Я вспомнил Ласию, которую видел у Конда. С тою, наверное, было бы
проще. Подумав о ней, я стал сравнивать ее с Юрингой. Ласия была, пожалуй,
красивее, определенно красивее, но что-то было в ее красоте такое, что
привлекало лишь ненадолго. Ей не хватало мягкости и обаяния Юринги, чья
красота не бросалась в глаза сразу, а разгадывалась постепенно, черточка
за черточкой и поэтому всегда была свежей, новой и неизвестной.
- Что вы так смотрите на меня... Антор?
- Тебе, правда, не холодно?
- Чуть-чуть.
- Может быть, все же зайдем куда-нибудь?
- Как хотите.
- Я хочу, чтобы ты захотела чего-нибудь.
- Мои желания, увы, невыполнимы даже... - Она замолчала.
- Ты хочешь сказать, с моими деньгами? Не надо, лучше выскажи пожелания.
Она грустно улыбнулась. В сгустившихся сумерках смутно вырисовалась ее
стройная фигура. Я нерешительно обнял ее за плечи и почувствовал, как она
вздрогнула от моего прикосновения.
- Пойдем, Юринга, куда-нибудь, где много людей, тебе нужно отвлечься.
Она взглянула на меня:
- Вы странный, Антор.
- Чем же?
- Так.
Помолчала.
- Мне можно быть с вами откровенной?
- Да, конечно. Тебя что-нибудь угнетает?
- Да.
- Что именно?
- Вы!
- Я!?
Последовала неловкая пауза.
- Вы не сердитесь, - рука ее коснулась моей, - я не хотела вас обидеть,
поймите меня правильно...
- Чего уж там, - пробормотал я, - но... разве я хуже других?
Договаривай, если начала.
- Нет. Наоборот... лучше, поэтому и тяжело. С вами я снова чувствую
себя человеком, а быть человеком в моем положении...

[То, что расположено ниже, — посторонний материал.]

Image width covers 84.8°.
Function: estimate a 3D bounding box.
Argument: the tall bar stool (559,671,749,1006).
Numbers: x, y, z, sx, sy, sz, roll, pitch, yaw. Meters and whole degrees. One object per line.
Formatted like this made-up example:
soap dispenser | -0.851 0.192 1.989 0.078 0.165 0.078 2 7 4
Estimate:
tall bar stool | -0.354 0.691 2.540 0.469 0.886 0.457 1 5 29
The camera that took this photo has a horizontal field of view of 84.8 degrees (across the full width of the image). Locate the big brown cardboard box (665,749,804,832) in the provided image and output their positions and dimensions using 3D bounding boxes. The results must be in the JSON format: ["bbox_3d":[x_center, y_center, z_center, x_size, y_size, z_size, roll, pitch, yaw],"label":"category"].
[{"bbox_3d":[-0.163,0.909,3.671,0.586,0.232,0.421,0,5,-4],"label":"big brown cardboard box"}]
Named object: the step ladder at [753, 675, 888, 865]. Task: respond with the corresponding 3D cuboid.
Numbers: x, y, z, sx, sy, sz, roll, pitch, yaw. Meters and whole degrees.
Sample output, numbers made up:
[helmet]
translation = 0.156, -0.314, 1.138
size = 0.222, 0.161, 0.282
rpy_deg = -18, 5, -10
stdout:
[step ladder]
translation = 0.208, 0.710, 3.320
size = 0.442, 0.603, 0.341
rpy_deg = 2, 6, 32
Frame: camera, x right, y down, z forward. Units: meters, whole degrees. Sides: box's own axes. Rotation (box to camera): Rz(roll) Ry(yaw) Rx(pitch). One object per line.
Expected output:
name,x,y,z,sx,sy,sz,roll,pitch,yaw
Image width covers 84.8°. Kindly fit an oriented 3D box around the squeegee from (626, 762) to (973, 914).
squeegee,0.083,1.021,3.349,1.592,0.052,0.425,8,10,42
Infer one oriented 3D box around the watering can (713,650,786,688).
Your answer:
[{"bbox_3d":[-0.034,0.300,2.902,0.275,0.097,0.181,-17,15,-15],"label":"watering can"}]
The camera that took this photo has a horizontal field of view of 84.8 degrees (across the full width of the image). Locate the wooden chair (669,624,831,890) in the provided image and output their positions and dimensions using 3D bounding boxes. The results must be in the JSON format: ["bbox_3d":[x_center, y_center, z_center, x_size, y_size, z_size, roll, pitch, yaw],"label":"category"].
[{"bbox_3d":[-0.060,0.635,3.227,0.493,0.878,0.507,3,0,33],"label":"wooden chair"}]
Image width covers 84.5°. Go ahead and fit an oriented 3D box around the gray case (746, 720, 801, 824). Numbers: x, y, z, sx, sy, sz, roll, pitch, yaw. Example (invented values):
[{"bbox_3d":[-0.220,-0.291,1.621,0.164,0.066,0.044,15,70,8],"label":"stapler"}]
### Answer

Дорожка закончилась тупиком, в котором стояла тесная скамейка.
- Не хочешь отдохнуть?
Она отрицательно покачала головой. Мы повернули и пошли обратно. Под
ногами шуршали камешки.
- Почему ты решила, что я лучше?
Грустная улыбка скользнула по ее губам.
- Не решила. Это видно, Антор, и кроме того я женщина, а женщины
сильнее чувствуют. Я здесь... не первый день и многое научилась понимать.